# I married my best friend on Friday



## katienaha (May 9, 2010)

Some of you know.. some of you know now.. I finally got married on Friday! Keane and I have been together for 7.5 years, since I was 18 and he was 20. We had a fantastic day with only our parents, siblings, and our 2 best friends as our witnesses, and our dog! My friend took our pictures, and we had dinner at the White Goose Bistro here in PG. It was a perfect day!


----------



## neven (May 15, 2010)

Congrats! !


----------



## Claudia (Apr 21, 2010)

Congratz again Katie, saw the pics on facebook too


----------



## davefrombc (Apr 21, 2010)

Congrats Katie.. I'm glad the weather and Nechako co-operated for you .


----------



## arash53 (Aug 13, 2011)

Congrats!


----------



## Diztrbd1 (Apr 21, 2010)

Congrats Katie!


----------



## CRS Fan (Apr 21, 2010)

Gongrats on your beuatiful day, Katie. Are you guys going anywhere to celebrate your special day.

Best Regards,

Stuart


----------



## mikebike (Sep 8, 2010)

Congradulations Katie,
I hope the next 60 years go well<G>


----------



## katienaha (May 9, 2010)

CRS Fan said:


> Gongrats on your beuatiful day, Katie. Are you guys going anywhere to celebrate your special day.
> 
> Best Regards,
> 
> Stuart


 No plans yet if we plan on going anywhere, but in 2 weekends we will be heading to Terrace to visit some friends, and I just won us 2 tickets to Hudson Bay Mountain in Smithers, so we will be going snowboarding out there likely in March. Otherwise, we may take a week and either kayak the Bowron Lake chain again, or maybe pick another kayak trip, like Stuart Lake, or the Crooked River from Summit Lake to McLeod lake. Not too sure yet!


----------



## Aquaman (Apr 21, 2010)

Having met you both....all I can say is your 2 of the luckiest people I know :bigsmile: congrats to you both! You guys were made for each other .... obviously :bigsmile:.


----------



## thefishwife (Apr 21, 2010)

Congrats to you both!!! The pictures are beautiful and you too, and you all look so extremely happy!!!!


----------



## effox (Apr 21, 2010)

Congrats on chaining each other down  BTW your hair looks absolutely wicked in those photos!

Cheers,
Chris


----------



## katienaha (May 9, 2010)

davefrombc said:


> Congrats Katie.. I'm glad the weather and Nechako co-operated for you .

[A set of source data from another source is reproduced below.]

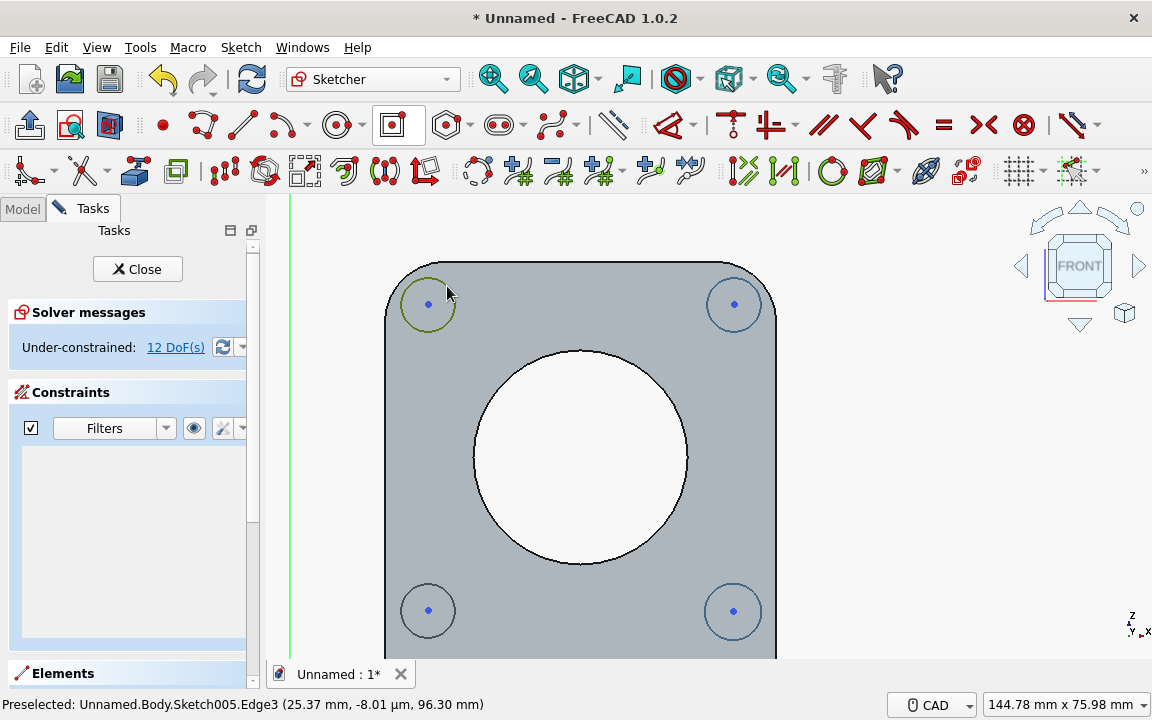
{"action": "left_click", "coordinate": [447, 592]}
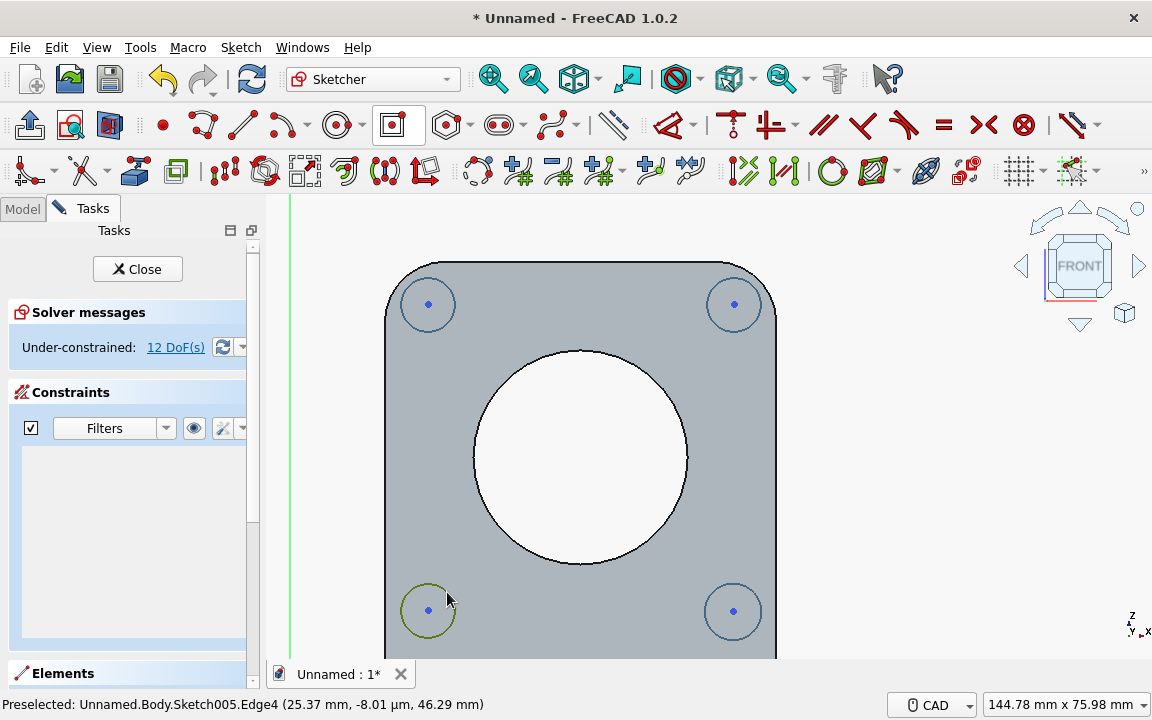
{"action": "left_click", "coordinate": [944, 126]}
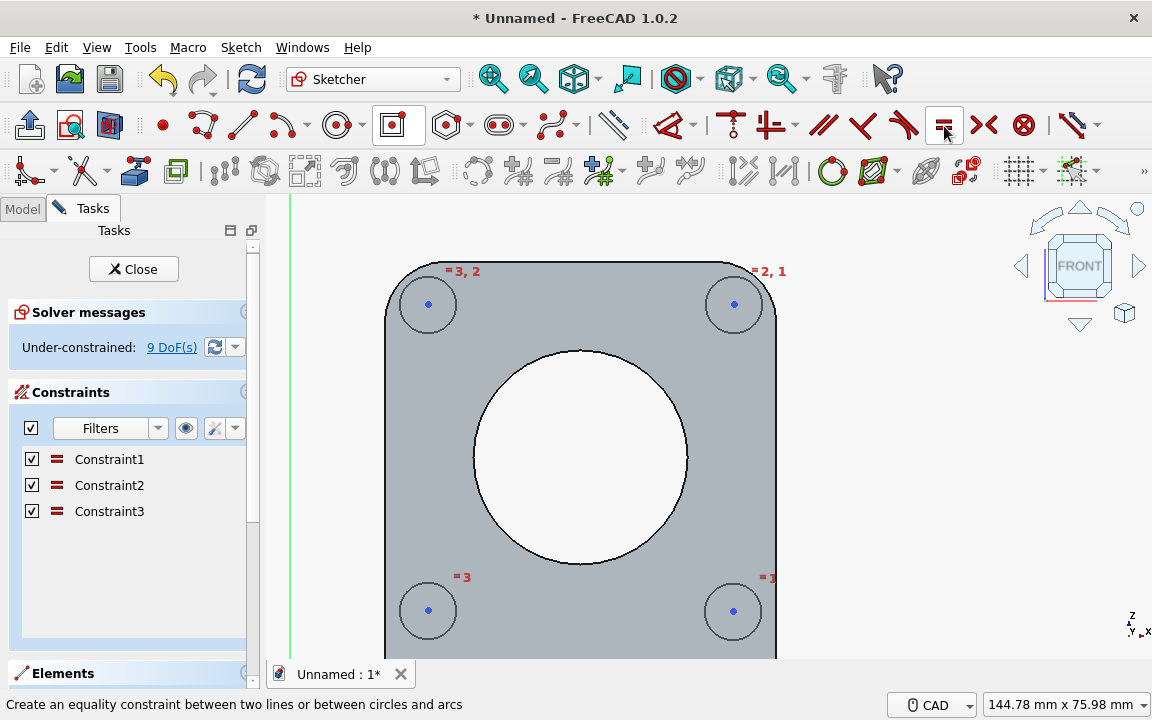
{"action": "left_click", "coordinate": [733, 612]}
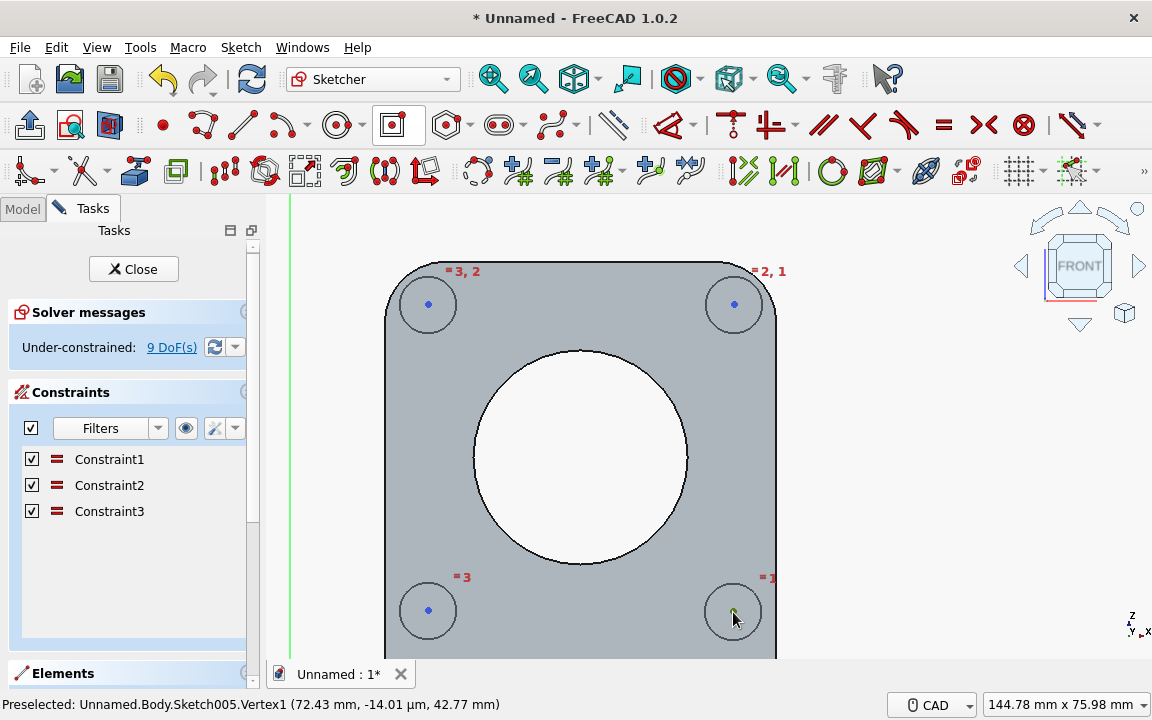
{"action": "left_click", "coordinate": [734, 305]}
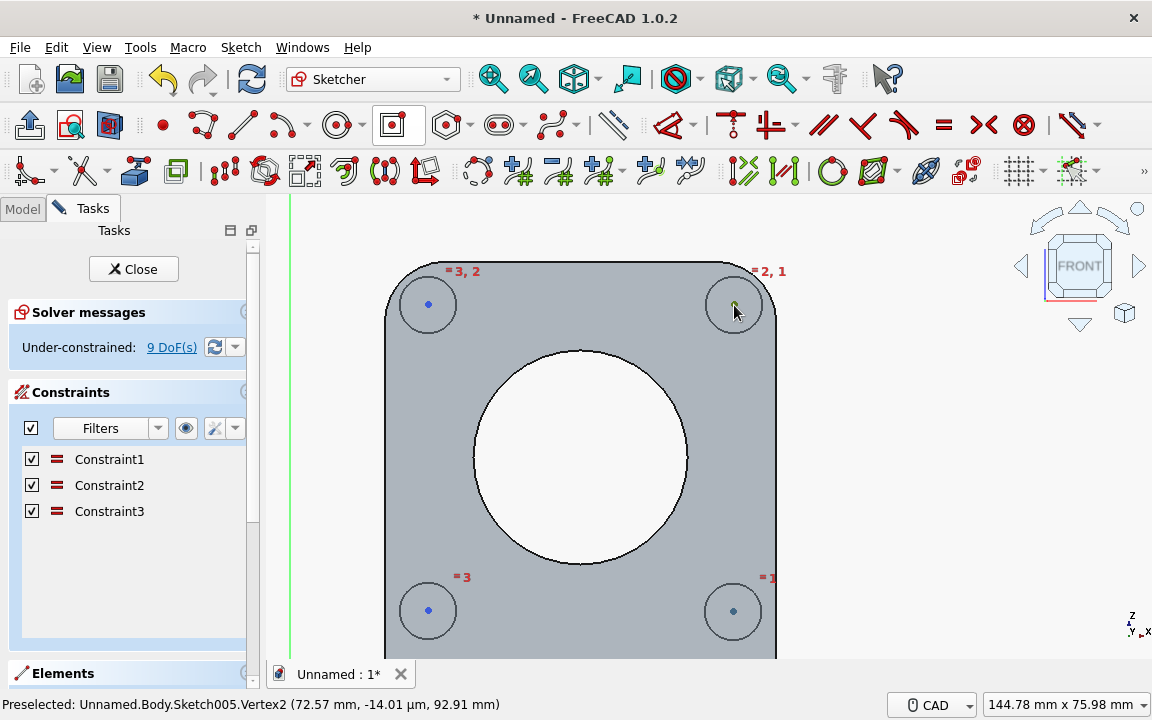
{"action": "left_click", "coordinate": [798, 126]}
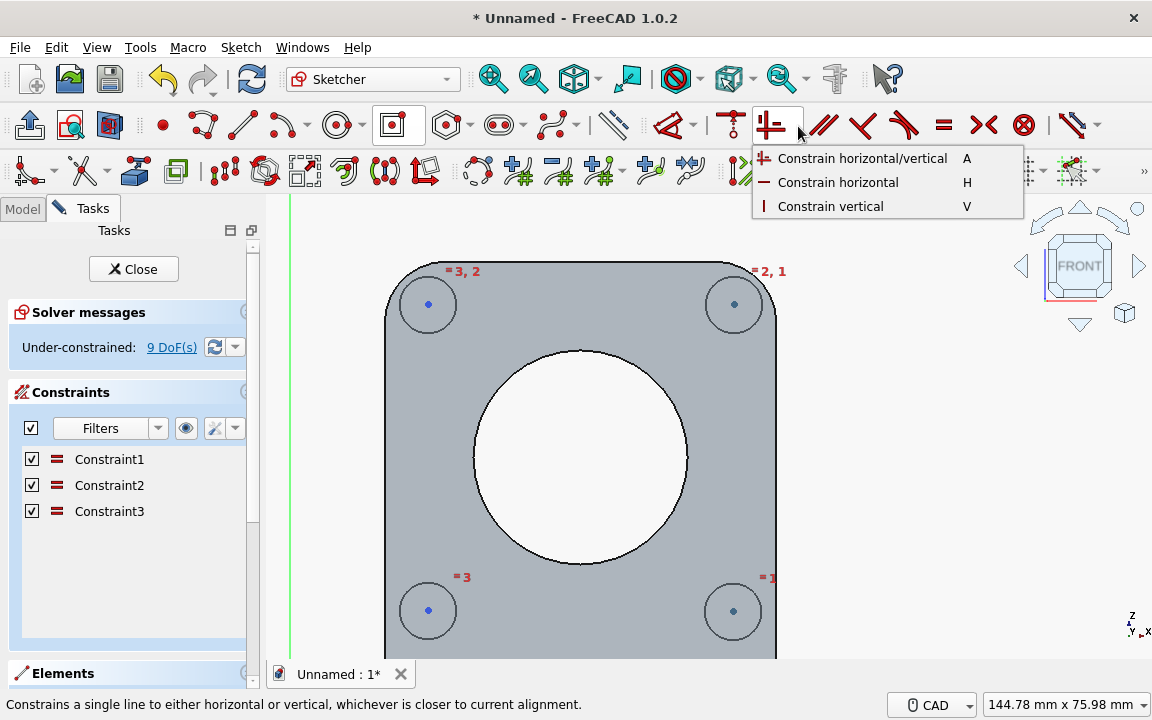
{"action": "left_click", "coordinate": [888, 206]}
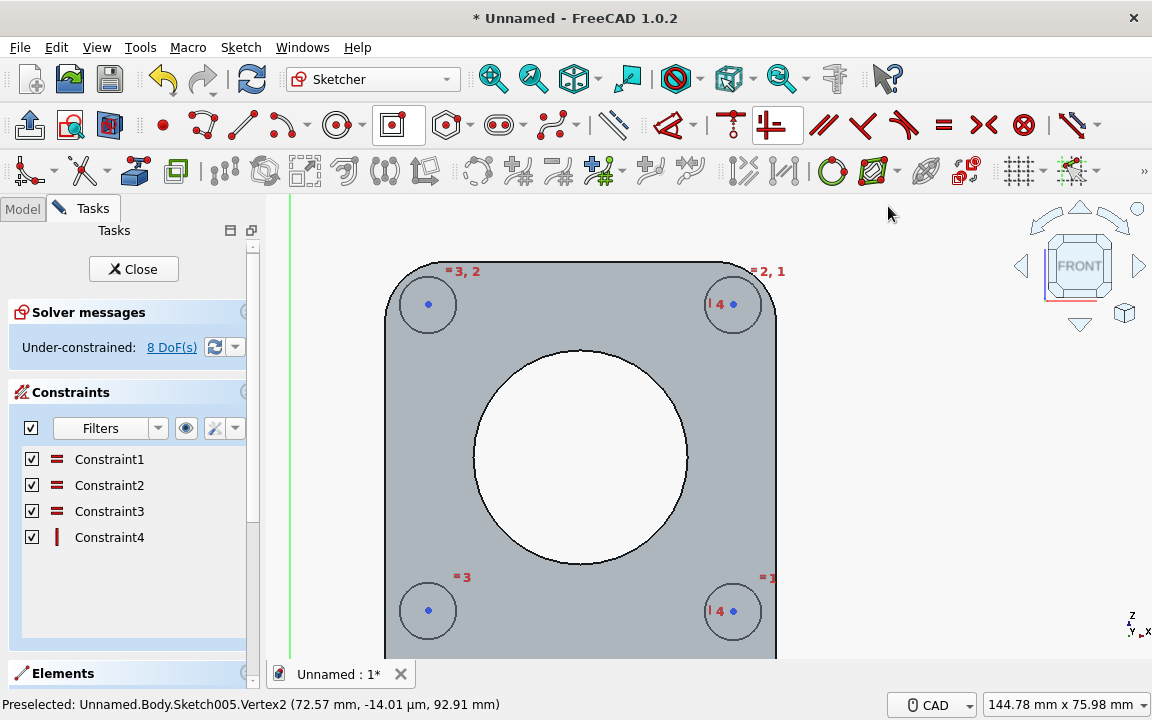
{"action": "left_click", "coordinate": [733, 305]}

Thanks dave! the Nechako SORT of cooperated for us. We were going to have the ceremony on the shore of the river, but due to the ice jam, there are huge piles of ice on the shore, so we chose the new bridge that was built over a channel of the Nechako that was washed out a couple years ago in the flood. The bridge is so beautiful!


----------



## katienaha (May 9, 2010)

effox said:


> Congrats on chaining each other down  BTW your hair looks absolutely wicked in those photos!
> 
> Cheers,
> Chris


thanks so much chris! I had a lot of professional help to get my hair lookin as fab as it did on friday, haha! I have been getting that particular cut and colour since about July and I just love it, and thanks to my amazing hairdresser, some fun tools and lots of hairspray she made it happen! (Keane claims he used a new razor that day, lol!)


----------



## effox (Apr 21, 2010)

He looks very handsome himself, I'm sure he was afraid you'd hurt him if he wasn't clean shaven, lmao!


----------



## SeaHorse_Fanatic (Apr 22, 2010)

Congrats and its always great to marry your bff.


----------



## Pamela (Apr 21, 2010)

Congratulations to you and Keane!


----------



## Ladayen (Aug 21, 2011)

As a married man, you have my condolences.... I mean congratulations


----------



## JohnnyAppleSnail (May 30, 2010)

Congrats and I also like Your Hair!


----------



## Arcteryx (Nov 23, 2011)

To the both of you I wish eternal happiness and a joy to last forever. Congratulations!


----------



## Elle (Oct 25, 2010)

Congratulations!


----------



## bigfry (Apr 21, 2010)

Congratulations!


----------



## djamm (Sep 25, 2010)

Congratulations,

May you have many wonderful years together!

Cheers


----------



## Morainy (Apr 21, 2010)

Warmest congratulations and best wishes, Katie. The two of you look so happy in the photos. Thank you for sharing your joy with us!


----------



## doogie (Nov 5, 2010)

Congrats....


----------



## Jasonator (Jul 12, 2011)

Good for you two!!
All the best for a wonderful future together!


----------



## roadrunner (Apr 25, 2010)

Congratulations!


----------



## bowman00 (Apr 27, 2010)

Congratulations!!!! All the best in the future


----------